Aziz Inan has a way of finding the beauty in every day—or, at least, on a few select dates on the calendar.

As a professor of electrical engineering at University of Portland, Inan, 65, has always had an affinity for numbers, but his appreciation goes beyond their academic application. He sees them as a kind of art. And in his estimation, palindrome dates—dates that read the same forward and backward when written numerically—are worthy of the Louvre, if not Hogwarts.

“That symmetric aspect,” he says, “has its own magic power.”

He first felt that mystical force himself 10 years ago. He recognized that Jan. 2, 2010, would be only the second eight-digit palindrome in over 600 years. He’s since kept a running tab of palindrome dates on his website, and worked to keep the public informed whenever one is upcoming.

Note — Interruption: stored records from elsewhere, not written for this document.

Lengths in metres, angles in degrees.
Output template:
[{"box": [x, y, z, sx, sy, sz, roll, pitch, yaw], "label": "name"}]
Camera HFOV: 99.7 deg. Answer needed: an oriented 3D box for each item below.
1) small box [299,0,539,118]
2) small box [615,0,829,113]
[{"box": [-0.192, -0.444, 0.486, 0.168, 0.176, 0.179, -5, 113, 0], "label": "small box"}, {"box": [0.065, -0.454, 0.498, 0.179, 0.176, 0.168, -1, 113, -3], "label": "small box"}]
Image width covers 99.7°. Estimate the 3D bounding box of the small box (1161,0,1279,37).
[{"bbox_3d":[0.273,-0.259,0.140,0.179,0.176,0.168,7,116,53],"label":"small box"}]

As a result, he’s become the national media’s go-to contact for palindromic content: When this year’s Super Bowl fell on Feb. 2, 2020—the only day this century that’s a palindrome in both American and European date systems—he received calls from The Washington Post, USA Today and National Public Radio.   

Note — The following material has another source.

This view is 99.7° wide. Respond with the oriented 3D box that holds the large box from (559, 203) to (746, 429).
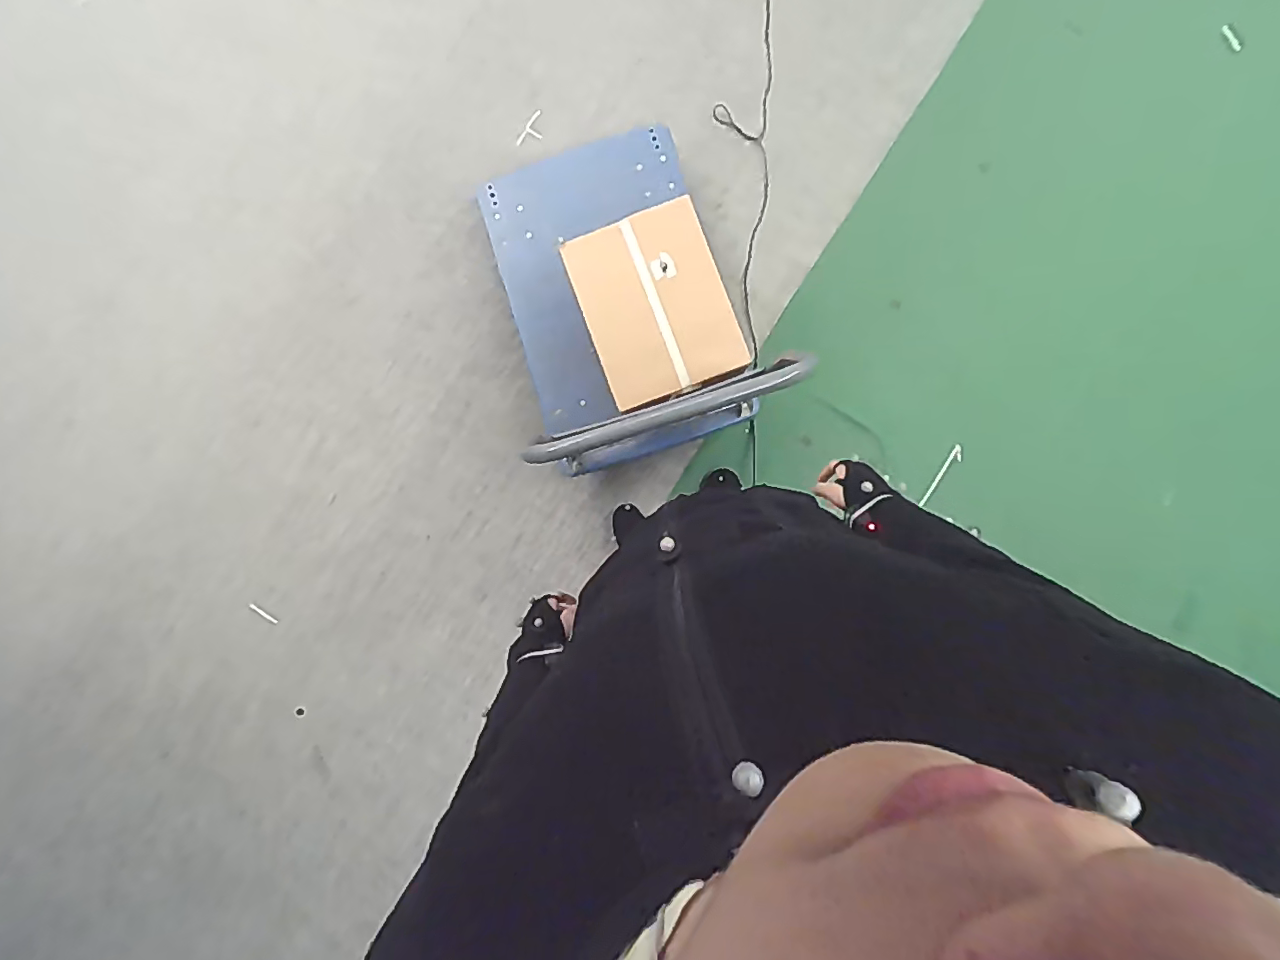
[{"bbox_3d":[0.035,-0.383,1.361,0.320,0.320,0.408,-20,87,1],"label":"large box"}]

His phone should be ringing quite a bit in 2021: It’s the last time we’ll see two palindrome dates—1/20/2021 and 12/02/2021—in the same year for another century.

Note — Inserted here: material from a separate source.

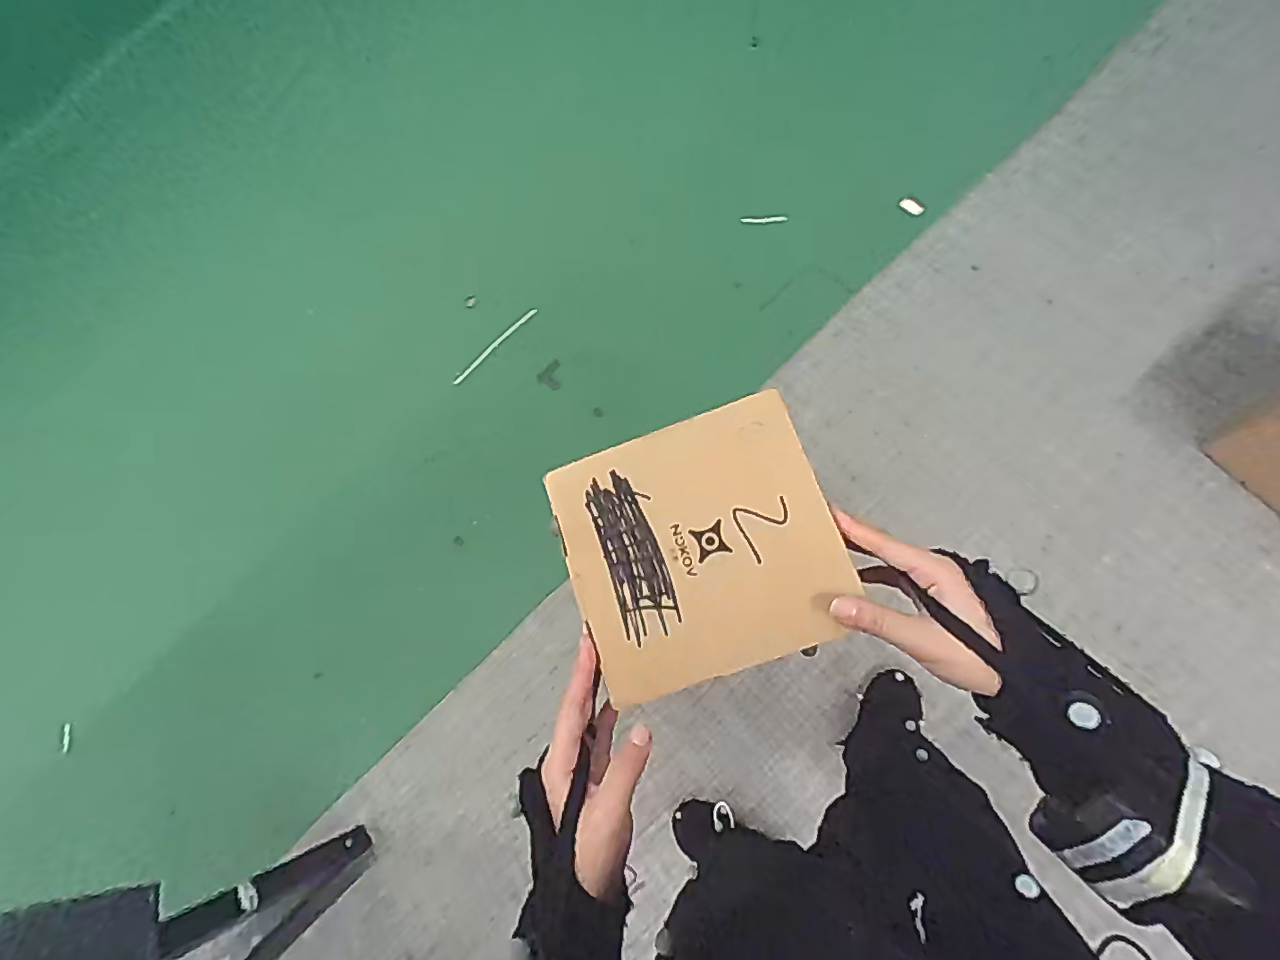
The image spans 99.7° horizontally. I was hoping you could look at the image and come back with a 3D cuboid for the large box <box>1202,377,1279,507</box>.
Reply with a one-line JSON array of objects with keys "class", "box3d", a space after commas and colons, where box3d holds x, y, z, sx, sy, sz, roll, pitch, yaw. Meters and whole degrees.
[{"class": "large box", "box3d": [1.344, -0.062, 0.904, 0.320, 0.320, 0.408, -38, 71, 1]}]

Inan knows it doesn’t seem like a big deal. But the way he sees it, palindromes are an example of the small miracles obscured by the clutter of everyday life—and once revealed, they can open the door to seeing the world a little differently.

“If I tell my student, ‘Your birthday is going to be a palindrome date three years from now,’ I see that excitement on that student’s face,” he says. “You know how you throw a stone in the water, and those waves come out circularly? That’s what I observe with this.”